START Dataset records
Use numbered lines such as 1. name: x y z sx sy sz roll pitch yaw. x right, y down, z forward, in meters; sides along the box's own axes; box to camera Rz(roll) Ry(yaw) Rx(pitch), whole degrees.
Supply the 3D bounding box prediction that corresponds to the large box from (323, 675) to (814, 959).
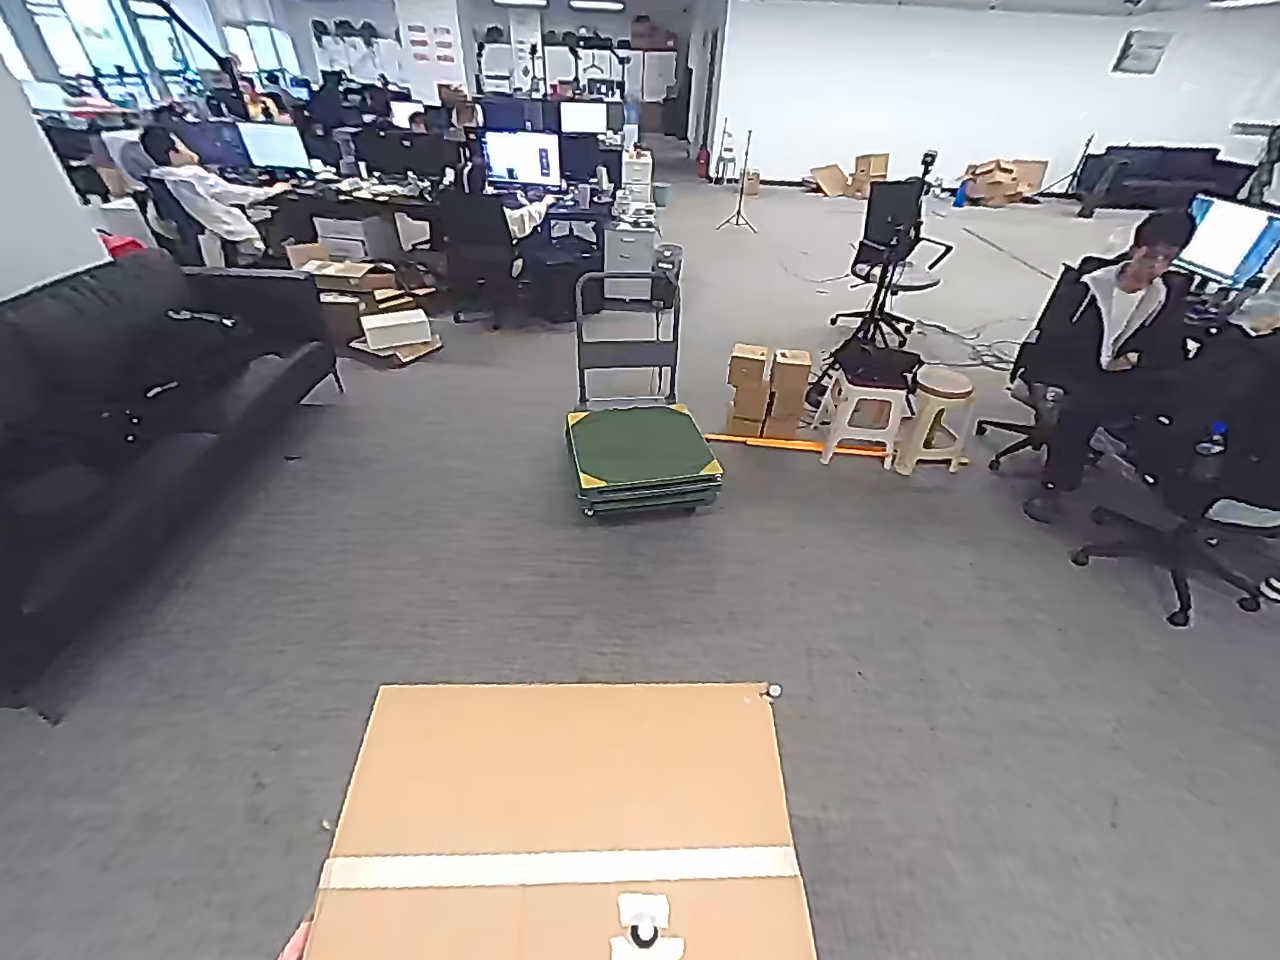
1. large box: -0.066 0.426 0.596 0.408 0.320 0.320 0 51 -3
END Dataset records
START Dataset records
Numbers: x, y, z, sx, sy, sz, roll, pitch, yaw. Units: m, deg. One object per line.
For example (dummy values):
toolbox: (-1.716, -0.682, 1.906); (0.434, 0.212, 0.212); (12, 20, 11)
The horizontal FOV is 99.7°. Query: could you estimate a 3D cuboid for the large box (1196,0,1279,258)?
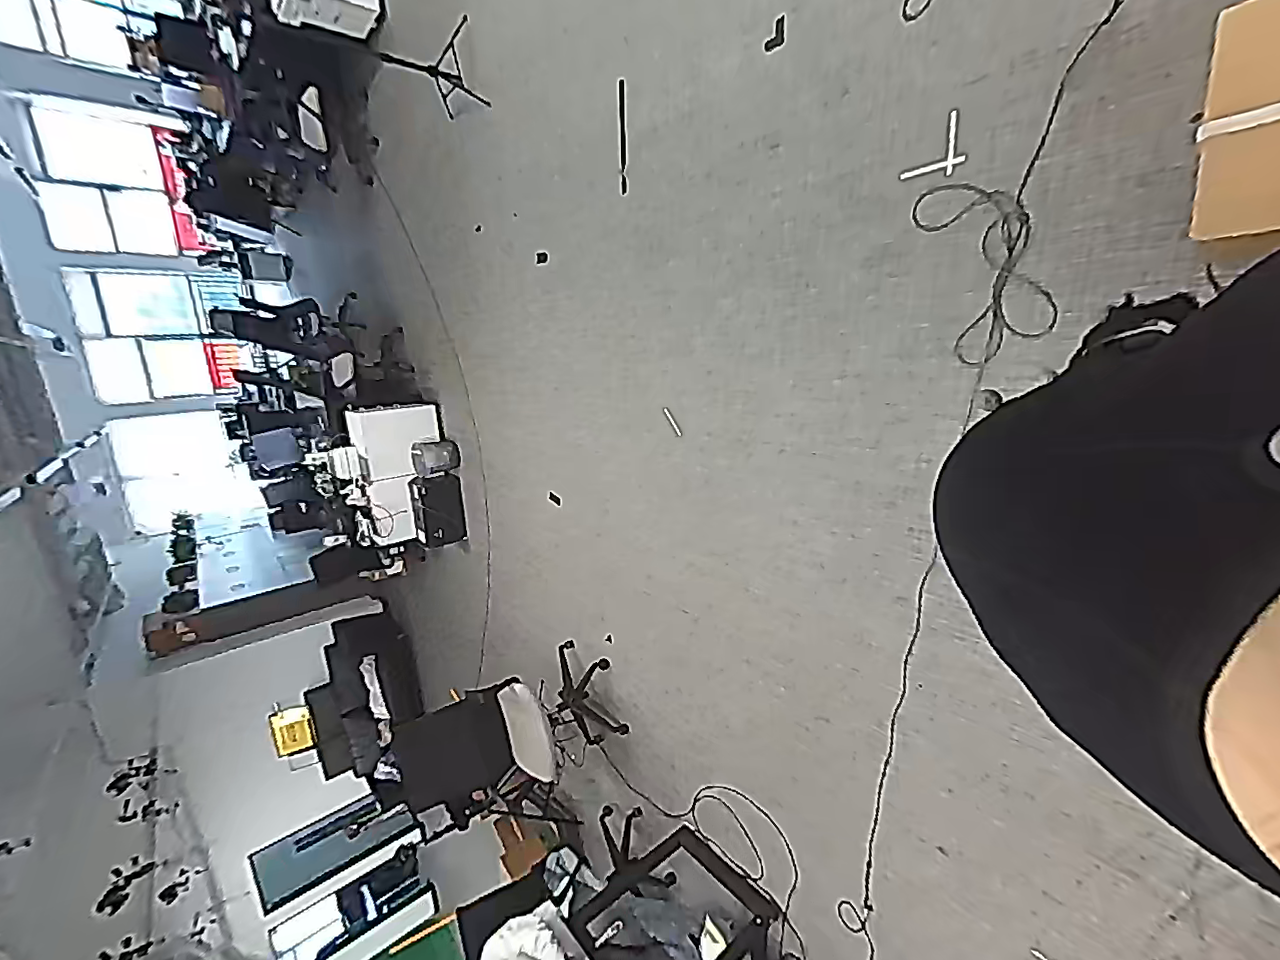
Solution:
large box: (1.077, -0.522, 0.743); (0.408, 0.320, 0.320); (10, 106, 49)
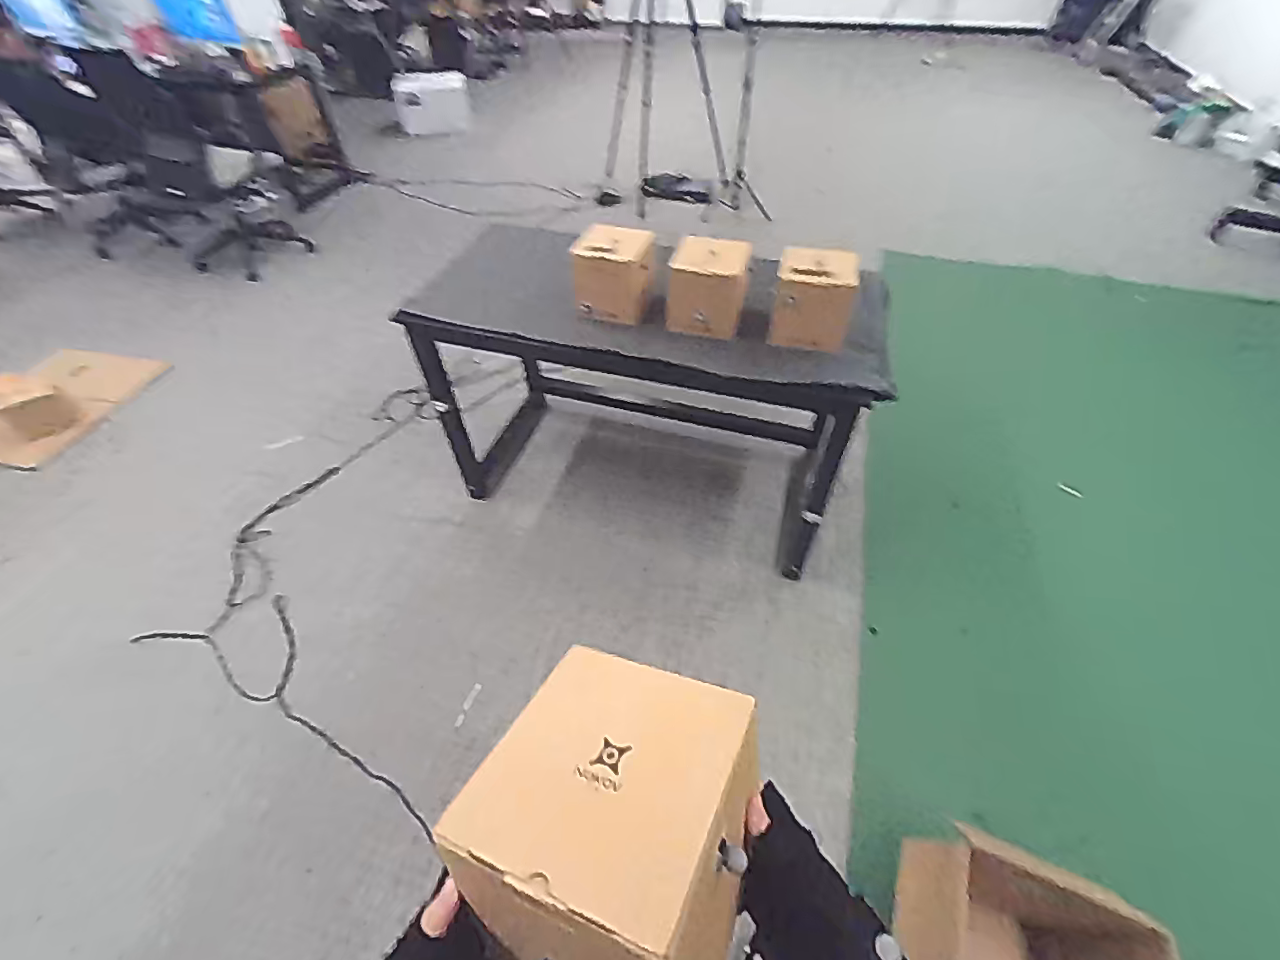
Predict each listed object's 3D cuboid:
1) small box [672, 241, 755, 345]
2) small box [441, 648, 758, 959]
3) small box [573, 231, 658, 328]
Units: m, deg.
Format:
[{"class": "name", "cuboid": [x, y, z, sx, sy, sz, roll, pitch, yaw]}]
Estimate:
END Dataset records
Aim of the task -
Write out every line of the entries that holds the word "name".

Response box -
Use numbered lines such as 1. name: x y z sx sy sz roll pitch yaw. x right, y down, z forward, in meters; sides along the box's own axes; box to camera Rz(roll) Ry(yaw) Rx(pitch), whole degrees.
[{"class": "name", "cuboid": [x, y, z, sx, sy, sz, roll, pitch, yaw]}]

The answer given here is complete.